If you want to figure out exactly where your money is going, next time you buy groceries, make a spreadsheet of every item you bought (keep that receipt!) and calculate price/weight.
One common mistake is buying 12oz packages instead of 16oz packages. They're usually about 5-10% cheaper but are 25% smaller. Obviously if you stop and think about it you know it's not a pound, but if you're in a hurry and your hand grabs that one...
Another common mistake is bone-in meat. Now, bone-in meat is great; the bones add flavor, keep things a little bit more moist, and make great stock. But if you're buying beef ribs for $2.50/lb, probably half that weight goes to bones. On the other hand, you can often buy two skinless chicken breasts, or a whole chicken, for the same price; the whole chicken has bones, sure, but it also has breasts around the same size and a lot more besides.

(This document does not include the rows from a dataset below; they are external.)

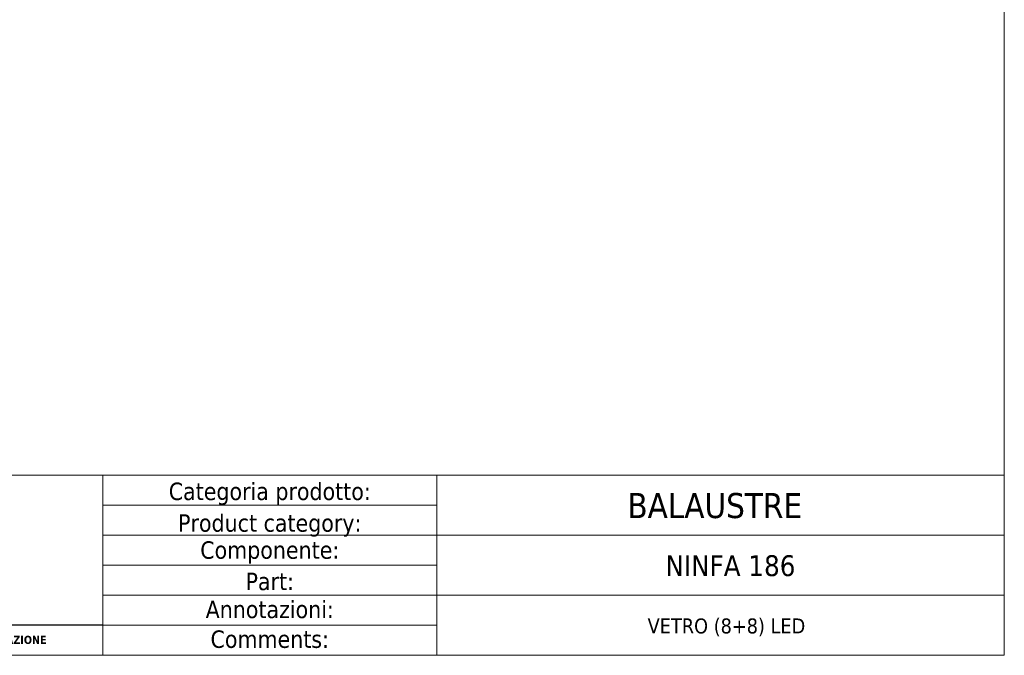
# Model space of a CAD drawing. Header units: millimetres. Extents: x -747 to 4940, y 2360 to 10359.
import ezdxf

# ---------------------------------------------------------------- set-up
doc = ezdxf.new("R2010")
doc.units = ezdxf.units.MM
doc.layers.get('0').update_dxf_attribs({"lineweight": 13})
doc.layers.add('Bordo (ISO)', color=7, linetype='Continuous', lineweight=18)
doc.layers.add('Visibile (ISO)', color=7, linetype='Continuous', lineweight=18)
doc.styles.get("Standard").update_dxf_attribs({"font": 'TAHOMA.TTF'})
doc.styles.add('Testo nota (ISO)', font='TAHOMA.TTF')

# ---------------------------------------------------------------- blocks, each defined once
blk = doc.blocks.new('Cartigli Cart pres')
at = {"layer": 'Visibile (ISO)', "color": 7, "linetype": 'Continuous', "lineweight": 18}
for p, q in [((463.9527689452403, 27.61498518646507), (263.9527689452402, 27.61498518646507)), ((355.9527689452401, 27.61498518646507), (355.9527689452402, 6.014985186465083)), ((395.9527689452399, 27.61498518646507), (395.9527689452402, 6.014985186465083)), ((355.9527689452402, 24.01498518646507), (395.9527689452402, 24.01498518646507)), ((355.9527689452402, 20.41498518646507), (463.9527689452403, 20.41498518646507)), ((355.9527689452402, 16.81498518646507), (395.9527689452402, 16.81498518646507)), ((355.9527689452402, 13.21498518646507), (463.9527689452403, 13.21498518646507)), ((355.9527689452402, 9.614985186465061), (395.9527689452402, 9.614985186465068)), ((453.952774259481, 6.014985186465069), (263.9527689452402, 6.014985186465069)), ((263.9527689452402, 6.014985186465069), (463.9527689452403, 6.014985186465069))]:
    blk.add_line(p, q, dxfattribs=at)
at = {"layer": 'Visibile (ISO)'}
blk.add_line((463.9527689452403, 27.61498518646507), (463.9527689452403, 6.014985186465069), dxfattribs=at)
at = {"layer": 'Visibile (ISO)', "color": 7, "linetype": 'Continuous', "lineweight": 25}
blk.add_line((355.9527689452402, 9.614985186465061), (263.9527689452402, 9.614985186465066), dxfattribs=at)
at = {"layer": 'Visibile (ISO)', "char_height": 2.089644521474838, "attachment_point": 5, "line_spacing_factor": 0.3468810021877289, "style": 'Testo nota (ISO)'}
for s, insert in [('\\fTahoma|b0|i0;\\H2.0896;Categoria prodotto:', (375.9527689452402, 25.36367667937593)), ('\\fTahoma|b0|i0;\\H2.0896;{\\fTahoma|b0|i0;\\H2.0896;Product category:}', (375.9527689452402, 21.57188943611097)), ('\\fTahoma|b0|i0;\\H2.0896;Componente:', (375.9527689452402, 18.33194832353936)), ('\\fTahoma|b0|i0;\\H2.0896;Part:', (375.9527689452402, 14.85334184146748)), ('\\fTahoma|b0|i0;\\H2.0896;Annotazioni:', (375.9527689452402, 11.49681477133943)), ('\\fTahoma|b0|i0;\\H2.0896;Comments:', (375.9527689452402, 7.931648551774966))]:
    blk.add_mtext(s, dxfattribs=dict(at, insert=insert))
at = {"layer": 'Visibile (ISO)', "color": 7, "insert": (308.9527689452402, 7.769019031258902), "char_height": 0.975167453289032, "attachment_point": 5}
blk.add_mtext("\\fTahoma|b1|i0;\\H0.9752;QUESTO DISEGNO E' DI NOSTRA PROPRIETA'. NESSUNA RIPRODUZIONE E' CONSENTITA SENZA LA NOSTRA AUTORIZZAZIONE", dxfattribs=at)
at = {"layer": 'Visibile (ISO)', "style": 'Testo nota (ISO)'}
for tag, p, height in [('Categoria_001', (424.057768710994, 22.47898512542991), 3.00000011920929), ('Componente_001', (422.1165189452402, 15.56498518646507), 2.5), ('Annotazioni_001', (418.0124684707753, 8.714985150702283), 1.800000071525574)]:
    blk.add_attdef(tag, p, '', height=height, dxfattribs=at)
blk = doc.blocks.new('Bordi bordo pres')
at = {"layer": 'Bordo (ISO)'}
for p, q in [((205, 292), (205, 5)), ((205, 4.999999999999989), (5.000000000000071, 4.999999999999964))]:
    blk.add_line(p, q, dxfattribs=at)

msp = doc.modelspace()

# ---------------------------------------------------------------- block references
at = {"xscale": 2, "yscale": 2, "zscale": 2}
msp.add_blockref('Bordi bordo pres', (-757.30193350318, 9774.838084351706), dxfattribs=at)
ref = msp.add_blockref('Cartigli Cart pres', (-1275.20747139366, 9772.808113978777), dxfattribs=dict(xscale=2, yscale=2, zscale=2))
ref.add_attrib('Categoria_001', 'BALAUSTRE', (-437.6189343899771, 9817.730084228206), dxfattribs={"layer": 'Visibile (ISO)', "height": 6.000000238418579, "style": 'Testo nota (ISO)'})
ref.add_attrib('Componente_001', 'NINFA 186', (-428.4844335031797, 9803.823084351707), dxfattribs={"layer": 'Visibile (ISO)', "height": 5, "style": 'Testo nota (ISO)'})
ref.add_attrib('Annotazioni_001', 'VETRO (8+8) LED', (-432.763734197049, 9790.076084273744), dxfattribs={"layer": 'Visibile (ISO)', "height": 3.600000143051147, "style": 'Testo nota (ISO)'})

doc.saveas('drawing.dxf')

Another common mistake is food that you think is cheap, but is actually not. Great example: spam. Spam used to be cheap meat. Spam was given for free to WWII soldiers, so when they came back home, they remembered that they were able to eat real meat and knew they could buy it cheap. But if you look at spam in a grocery store today, it's not exactly cheap; I've seen it at over $3/lb! Similarly, I see hotdogs for $1/lb, and I see hotdogs for $3/lb right next to them. People figure hotdogs are cheap but don't notice that they're charging more for processed bits and ends than they are for boneless pork chops.
Another common mistake is not making the most of your food; in other words, waste. Bones should make stock before they're thrown out. Stale bread can be toasted, or thrown in the oven, or crumbled into dishes. Old bananas go into banana bread, not the garbage. It sounds obvious but there are a lot of little things that add up. Once you get good at this, you get creative - for example, when I make pulled pork, the pork fat / water gets used to make rice and it's the best damned rice ever. Also spoilage is in this category; it's good to stock up on things, but not if they're going to spoil; freeze it, eat it, cook it, whatever. Some things are fine to cook just to give them a couple more days in the fridge (grocery stores do it all the time - chicken that's about to expire, but is perfectly fine, gets spit roasted.) On the other hand, there are plenty of things that look spoiled but aren't; hard cheeses grow mold spots sometimes, but you just cut it off and carry on, because that's how cheese works.
Anyways, once you make the speadsheet, you don't even have to come back here to figure out the next step. You'll say "wait, what, we bought that? Damn, that's off the menu."